Romain Deltour: I agree that the spec already set that device height/width should be used when faced with an invalid value.
… so maybe relaxing RS spec is the way to go.
… I’m not convinced RSs should warn users.

Wendy Reid: +1.

Romain Deltour: if the reading system can do its best to render something, or make up a value that’s good enough.
… as transparently as possible.
… there’s a caase with valid viewport but specifies the width several times.
… this is valid per grammar but don’t say if it should pick first/last/any.
… do we need to say something in RS spec? If there’s dupes then it becomes invalid?.

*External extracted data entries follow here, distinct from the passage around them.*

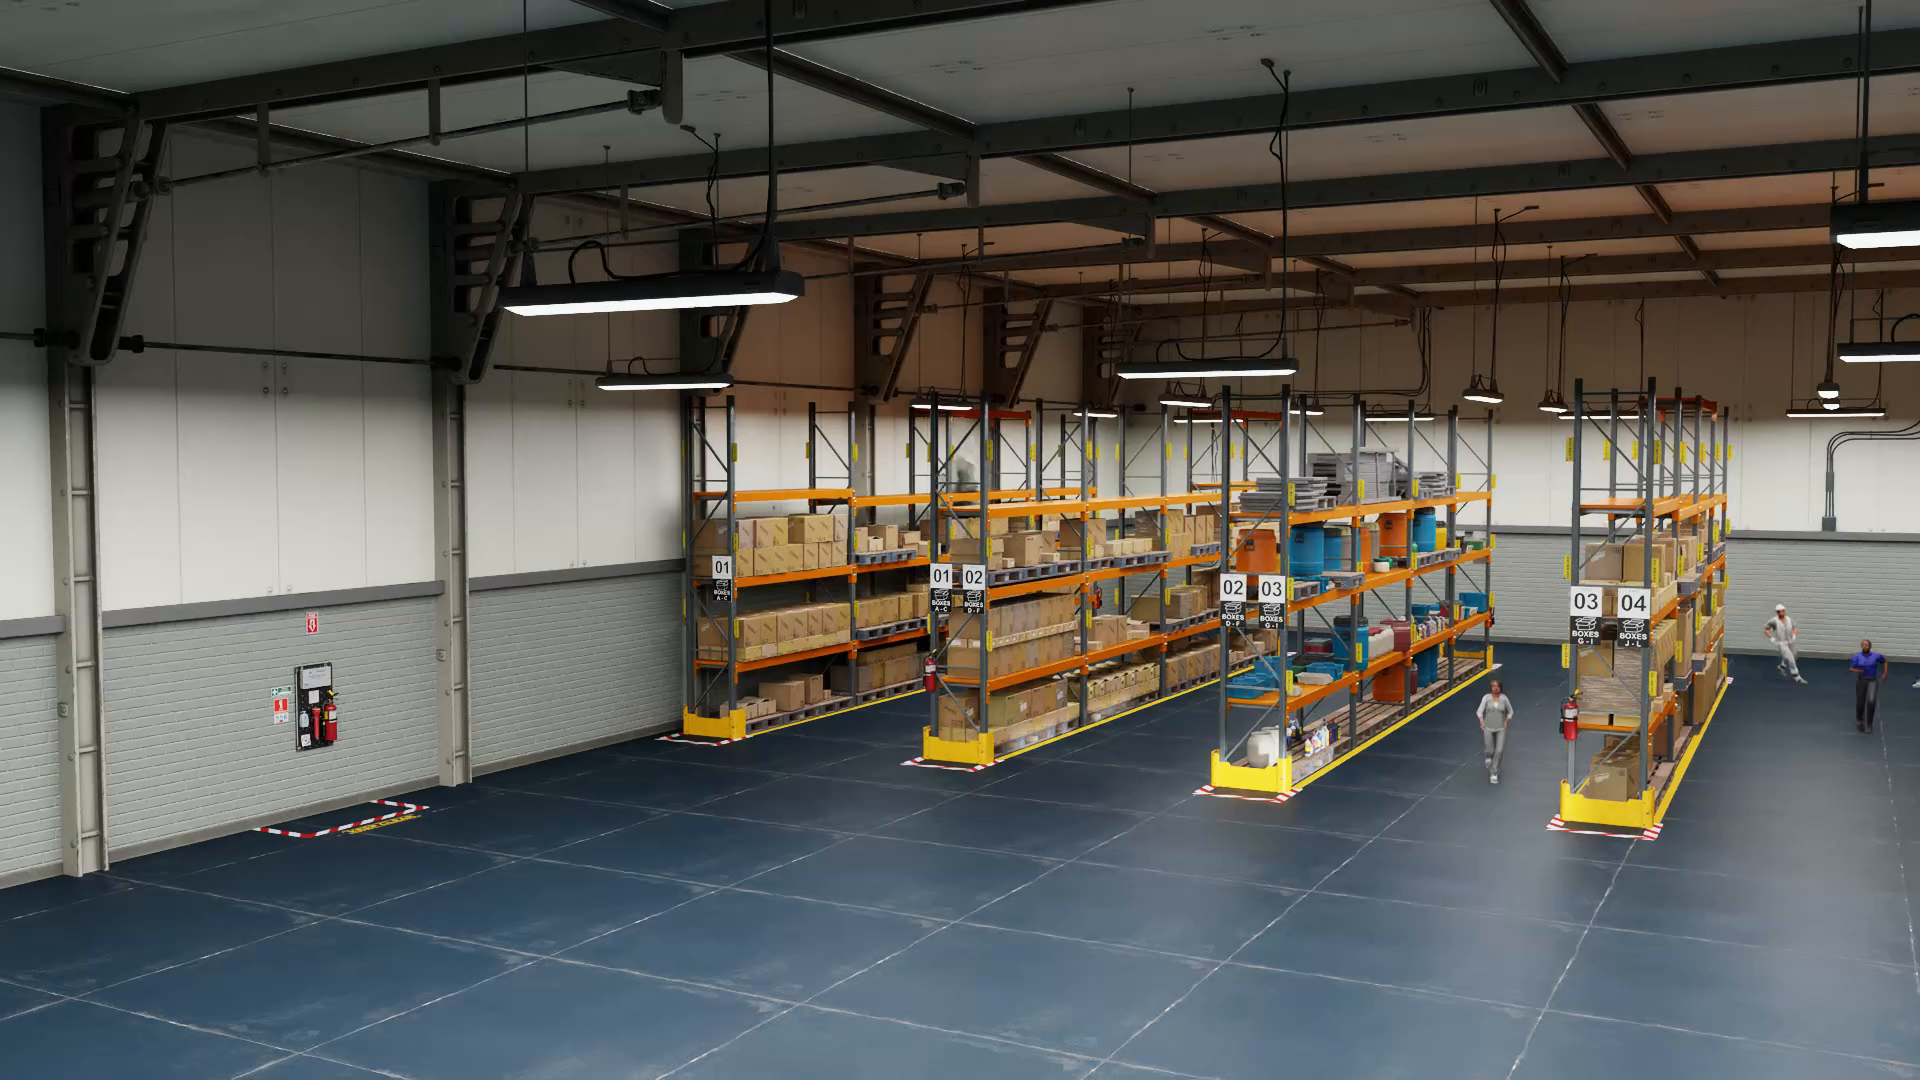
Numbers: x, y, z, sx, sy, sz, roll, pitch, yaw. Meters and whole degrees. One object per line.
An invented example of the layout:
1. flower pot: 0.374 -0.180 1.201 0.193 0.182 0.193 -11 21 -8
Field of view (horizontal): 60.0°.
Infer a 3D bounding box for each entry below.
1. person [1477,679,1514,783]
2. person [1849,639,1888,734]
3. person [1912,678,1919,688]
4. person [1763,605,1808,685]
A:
1. person: 8.162 2.897 25.362 0.537 1.561 0.589 1 3 14
2. person: 16.270 2.614 29.805 0.586 1.690 0.878 2 4 33
3. person: 20.751 2.272 35.192 0.914 1.795 0.701 0 3 7
4. person: 17.832 2.244 36.076 0.703 1.710 0.951 0 3 -8

David Hall: I like your rec there.
… I would lean toward should report errors to user.
… some could be unrecoverable, like xml parsing errors.
… or there could be dev mode and remotely inspect.
… but most readers won’t be interested.
… so “should” warn the users.
… on multiple width values, add something to spec to prefer first value found.

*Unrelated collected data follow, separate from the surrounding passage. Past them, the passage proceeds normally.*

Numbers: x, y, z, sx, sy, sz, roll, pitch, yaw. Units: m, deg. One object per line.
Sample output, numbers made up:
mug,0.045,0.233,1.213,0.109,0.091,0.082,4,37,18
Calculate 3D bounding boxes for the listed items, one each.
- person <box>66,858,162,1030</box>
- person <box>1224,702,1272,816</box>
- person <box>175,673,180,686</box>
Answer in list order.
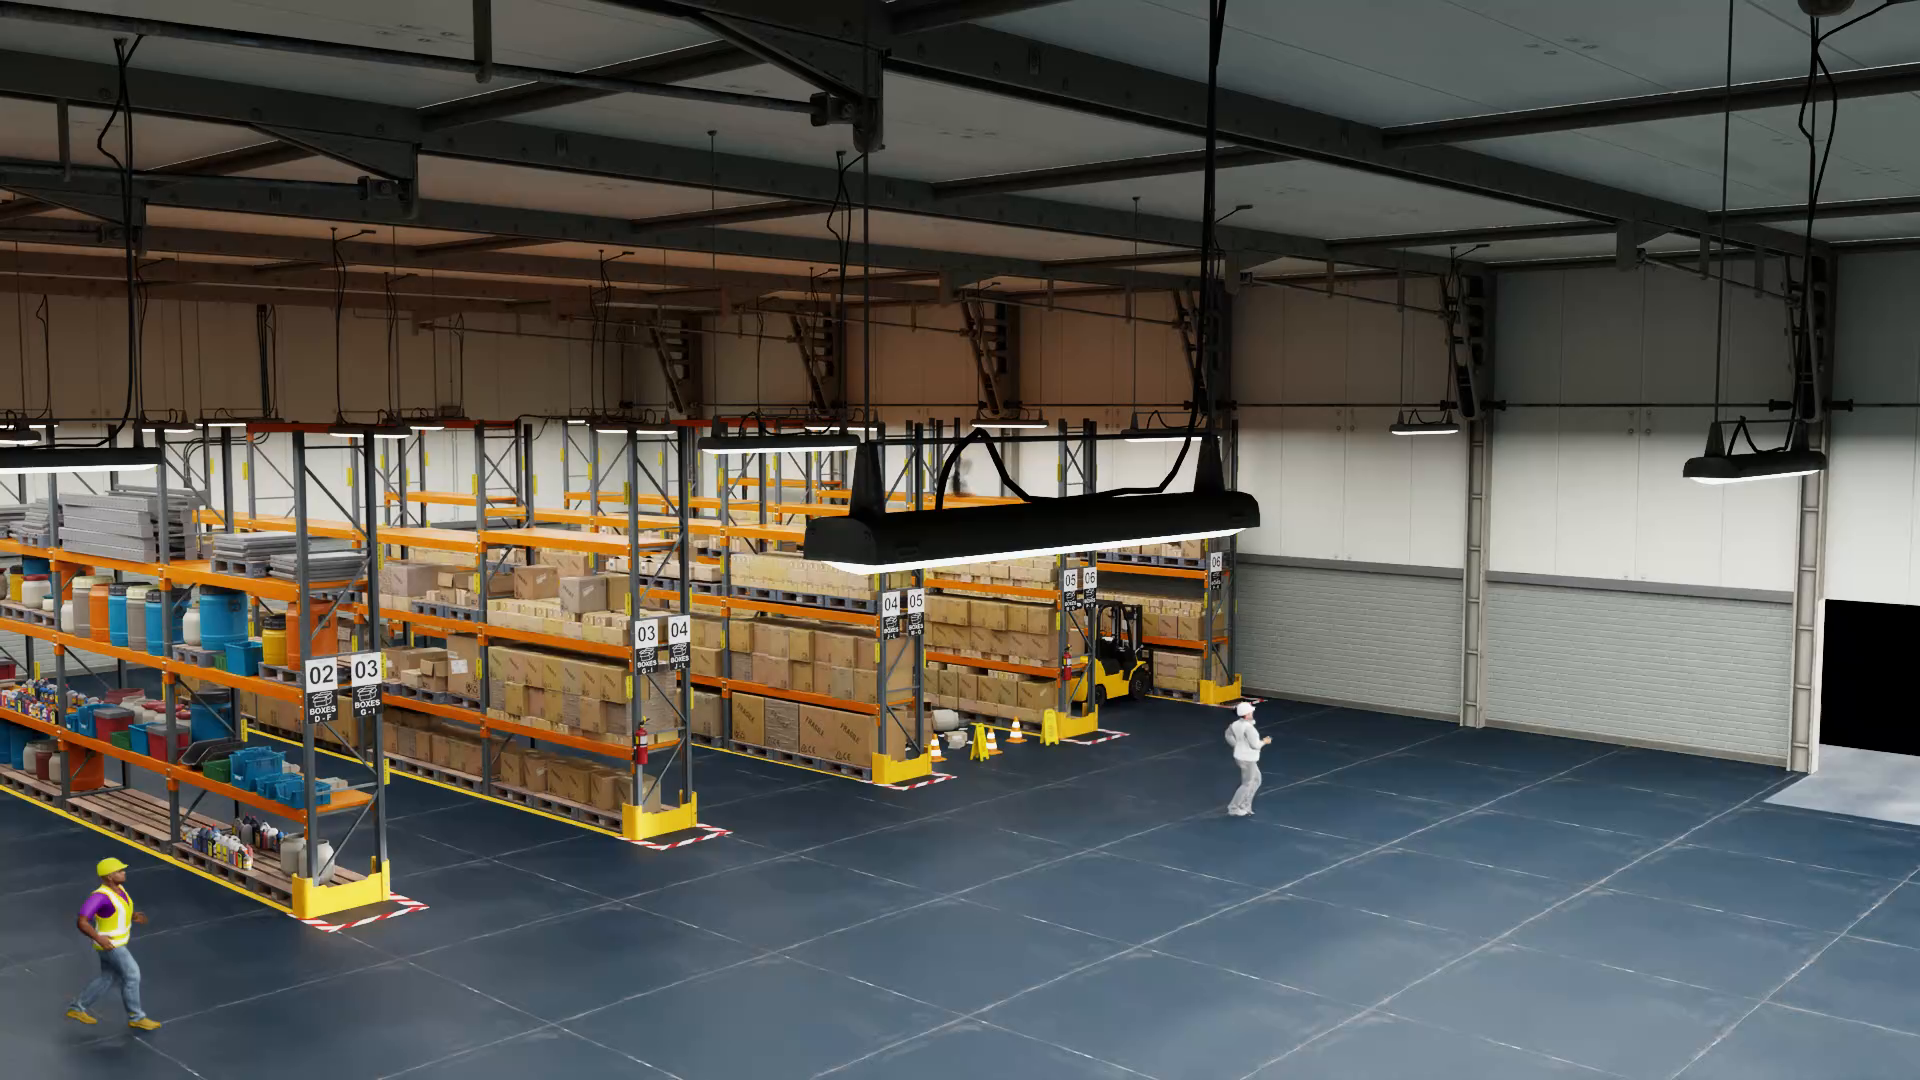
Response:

Romain Deltour: or even MAY warn the users.

David Hall: separately, what to do when there isn’t anything specced.
… typically in FXL books you have the same page size throughout.
… different page size present challenges to the RS.
… I like the idea of falling back to the most recent valid viewport.
… if nothing is defined, do you fall back to device dimensions or something else?.
… because device dimensions change with orientation.
… and what happens when dimensions change?.

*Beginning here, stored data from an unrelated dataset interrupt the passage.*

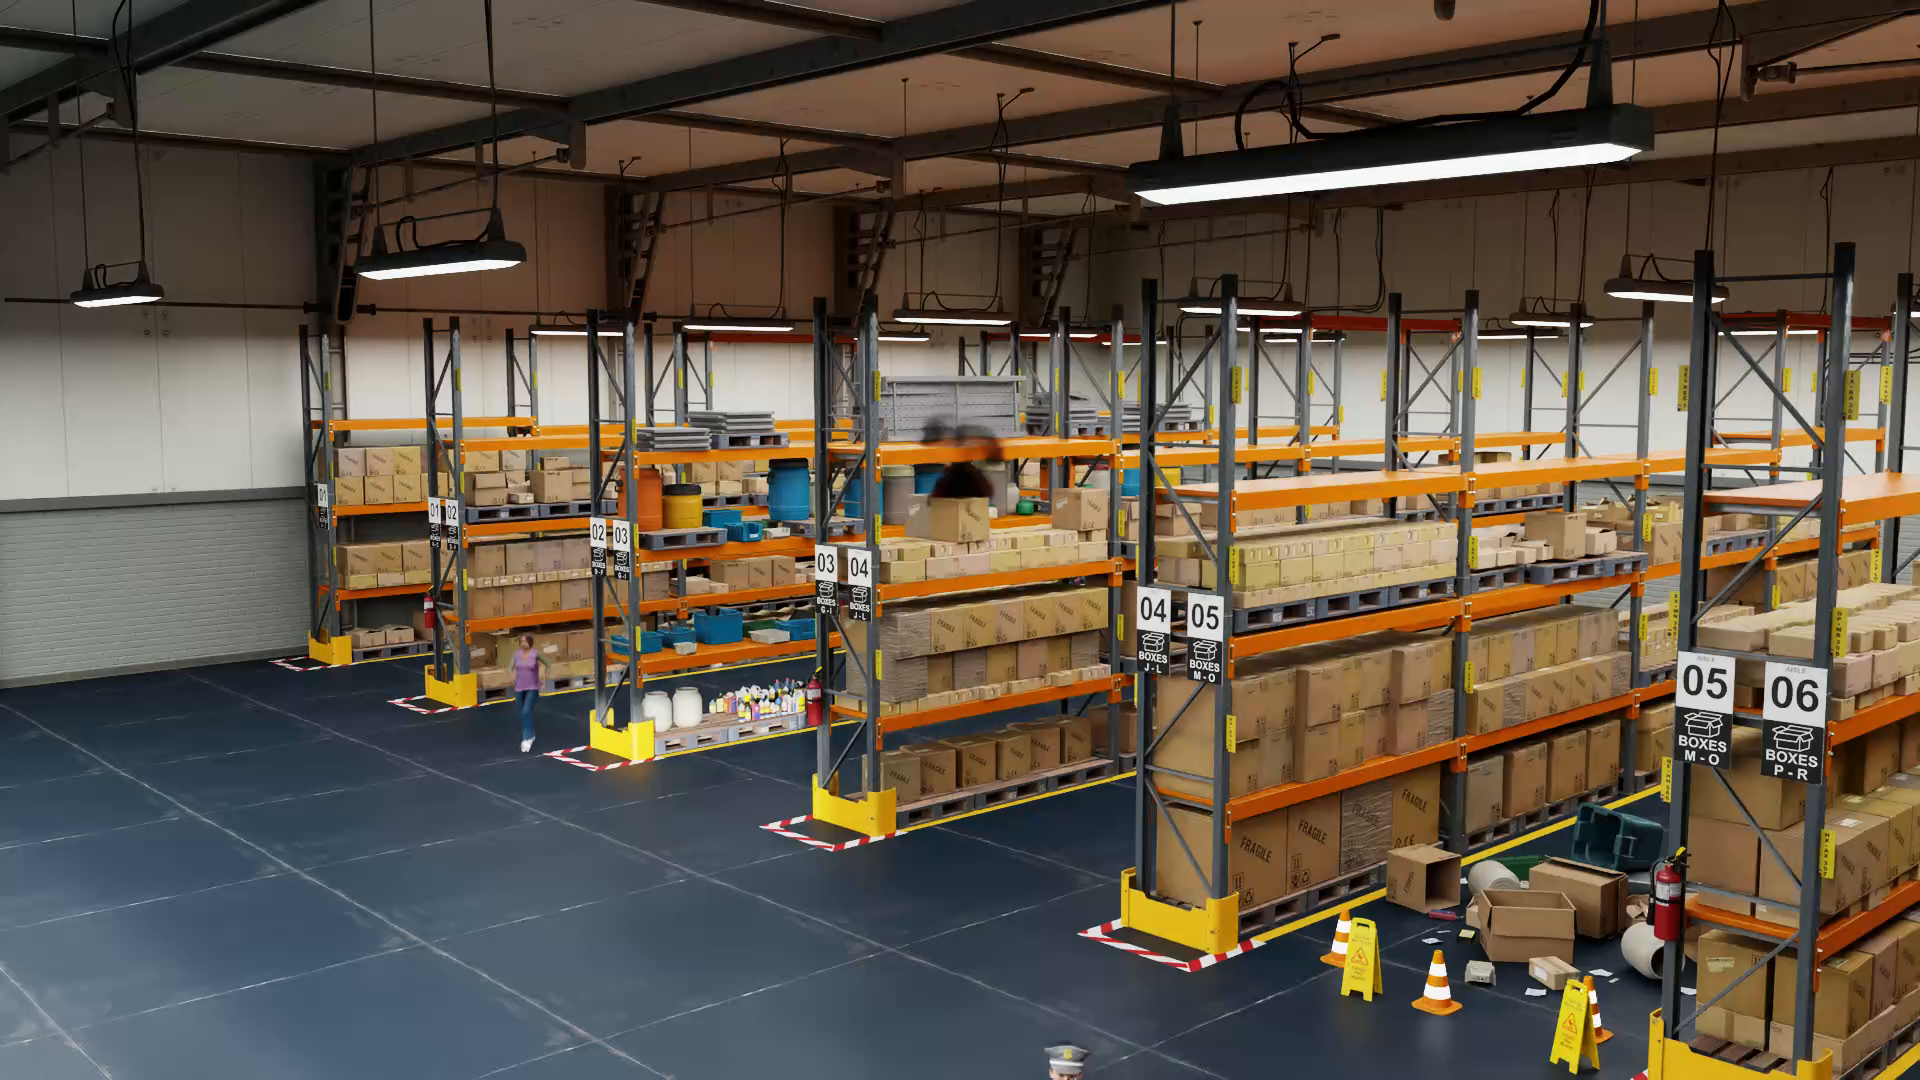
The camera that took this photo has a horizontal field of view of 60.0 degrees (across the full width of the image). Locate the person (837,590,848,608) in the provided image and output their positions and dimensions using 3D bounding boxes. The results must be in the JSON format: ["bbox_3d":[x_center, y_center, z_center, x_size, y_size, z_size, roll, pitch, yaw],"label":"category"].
[{"bbox_3d":[-2.374,0.866,34.280,0.563,1.756,0.776,4,7,36],"label":"person"}]

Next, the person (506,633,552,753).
[{"bbox_3d":[-5.920,2.081,22.739,0.550,1.634,0.661,1,6,11],"label":"person"}]

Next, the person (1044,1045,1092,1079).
[{"bbox_3d":[0.552,3.450,8.868,0.640,1.686,0.904,0,6,4],"label":"person"}]

Wendy Reid: as much as i like the idea of warning the user.
… in the real world of RSs, telling the user that something is wrong with their viewport isn’t helpful. There’s nothing they can do..
… this puts an undue burden on the user.
… I think this should be an epubcheck thing.
… I like idea of preferring first value.
… RSes do lots of things to optimize for speed when they render FXL.
… we use first viewport value and don’t reparse.
… so we don’t support changing viewport sizes.

Brady Duga: agree with David and Wendy.
… I would not say should warn the user, it’s a bad idea.
… and these are often kid’s books :).
… we have end users and publishers.
… might be helpful to talk about these two groups.
… I want my publishers to know but not my users.
… you can reject something with a bad viewport.
… I’m agnostic on which to pick of multiple values.
… I think we do support multiple page sizes.

Ivan Herman: we have multiple viewports in the spec.

Rick Johnson: +1 to Brady (et. al.) and differentiating messaging between readers and publishers.

Ivan Herman: (different page sizes for different files).
… we can’t change that.
… if they don’t implement that’s ok.
… for reporting, I understand that I don’t want reports going to kid.
… I like the safari analogy of David.
… I wonder if we should say something in the spec.
… from standards point of view it’s ok to say reading systems should issue a warning.
… matt and I can come up with a larger PR.

David Hall: when I think of users, do you think of author and publisher as the same user.

Ivan Herman: we don’t specify that.

David Hall: I can see a publisher being interested in results from epubcheck.
… I can see that authors that write their own epubs would benefit from warnings from RS.
… do we use term “May”?.

Ivan Herman: yes.

Dave Cramer: We’re talking a lot about the situation where the author messed up the viewport.
… what choices the RS has in that case.
… this sounds like EPUBCheck’s job.
… is the viewport parse-able.
… compatibility issues, maybe it’s a warning.
… seems wrong to put this on the end user.

Wendy Reid: if we reach any sort of consensus we don’t want to put anything on the end user/reader.
… we do want to warn the content creator (publisher/author).
… maybe we want to increase robustness of the section.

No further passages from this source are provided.